Grâce au bénéfice du doute, les deux joueurs échappent ainsi à une suspension, qui aurait pu être très lourde, jusqu'à dix matches selon le barème de la FFF, pour des propos discriminatoires avérés.

"Une sentence plus que méritée", a réagi Alvaro sur son compte Twitter. "Je n'ai jamais été et ne serai jamais une personne raciste", a-t-il ajouté, remerciant "l'OM pour sa confiance et sa fidélité" et "nos grands supporters".
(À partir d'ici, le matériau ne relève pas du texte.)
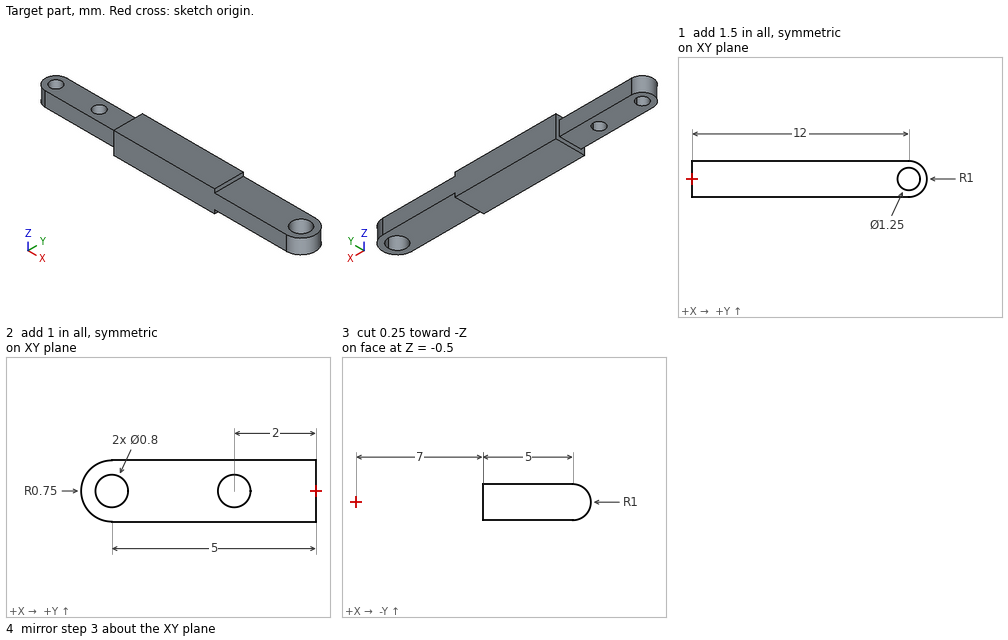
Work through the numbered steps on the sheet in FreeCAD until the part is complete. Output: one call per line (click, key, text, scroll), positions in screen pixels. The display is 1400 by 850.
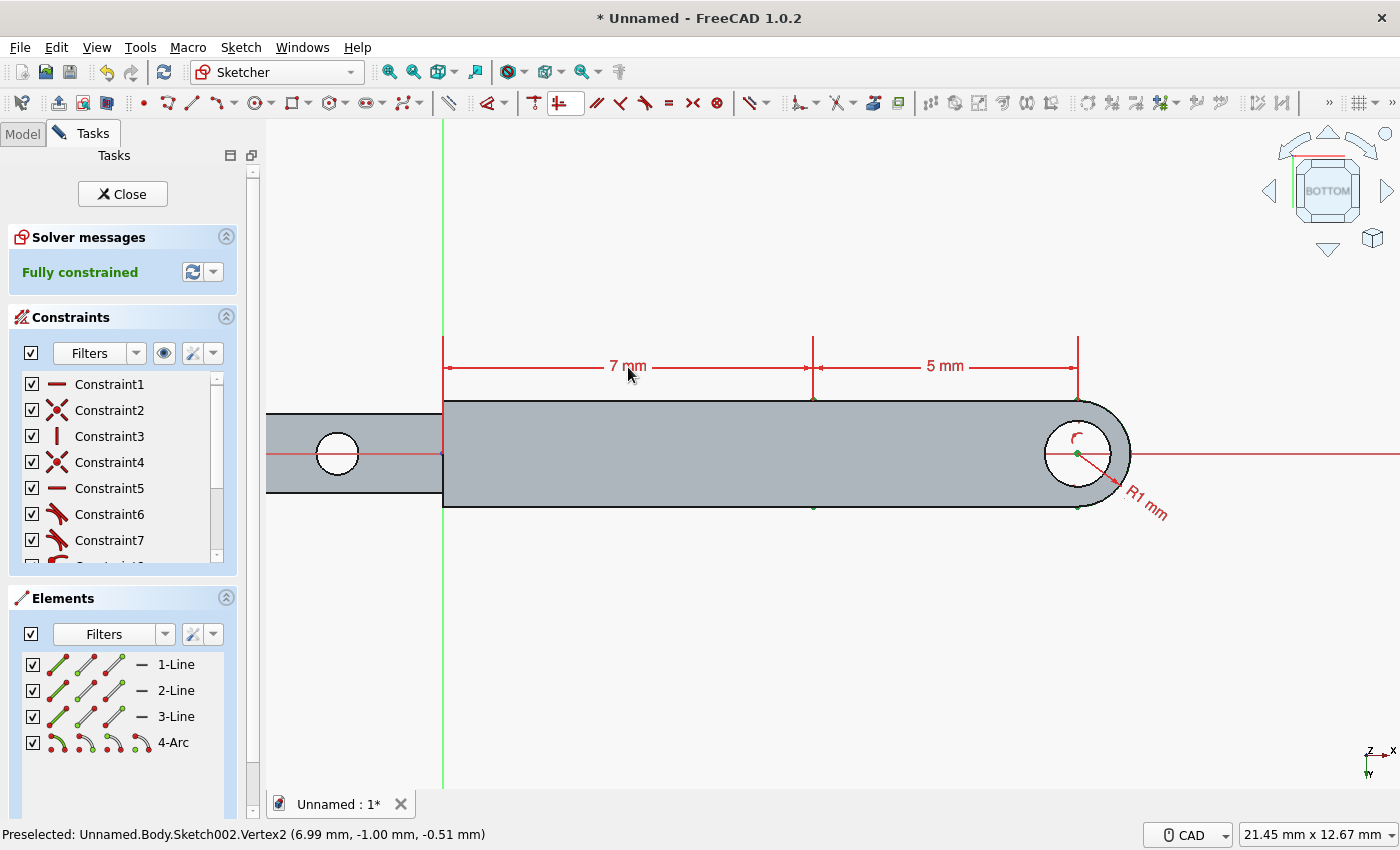
click(123, 194)

"Alvaro n'est pas raciste, toute accusation portée à son encontre sur ce sujet est injuste et infondée", a réagi l'OM, "satisfait" de cette décision.

"Indignation et colère. Un non-jugement de la LFP aveugle, sourde et muette. Soirée noire pour la lutte contre l'homophobie et le racisme dans le football", s'est indigné de son côté le collectif "Rouge direct", luttant contre l'homophobie dans le football.

Lecture labiale fiable à 30%

Mais la commission de discipline est formelle : le dossier était vide. "Premier constat, aucun rapport d'officiels, arbitre ou délégué, ne contenait d'éléments relatifs à ces propos ou injures à caractère discriminatoire", a expliqué son président Sébastien Deneux. "Le second, c'est que les déclarations des deux joueurs sont contraires en quasi tous points. Rien ne permettait d'établir de manière claire et précise la nature des propos qui ont été échangés", a-t-il poursuivi.

L'expertise en lecture labiale, demandée par l'instructeur, a même alimenté le flou, alors que des médias brésiliens et espagnols, avec la même technique, assuraient qu'Alvaro avait traité Neymar de "singe" et que "Ney" lui aurait répondu par une injure homophobe.

"Il n'y avait pas de corrélation avec ce que les joueurs ont déclaré. En plus, l'expert précisait bien que la technique n'était elle-même fiable qu'à 30%, ce qui laisse place au doute, qui doit profiter aux joueurs", a expliqué le dirigeant.

Neymar est aussi libéré des soupçons de racisme, pour des propos qu'il aurait tenus envers le Japonais Hiroki Sakai : "les travaux de la commission se sont essentiellement concentrés sur les échanges entre Neymar et Alvaro", a dit Sébastien Deneux.

Cette annonce clôt l'épais dossier du "Clasico", dont les suites disciplinaires avaient fini par éclipser l'exploit réalisé par Marseille, qui avait remporté son premier succès contre le PSG en neuf ans (1-0).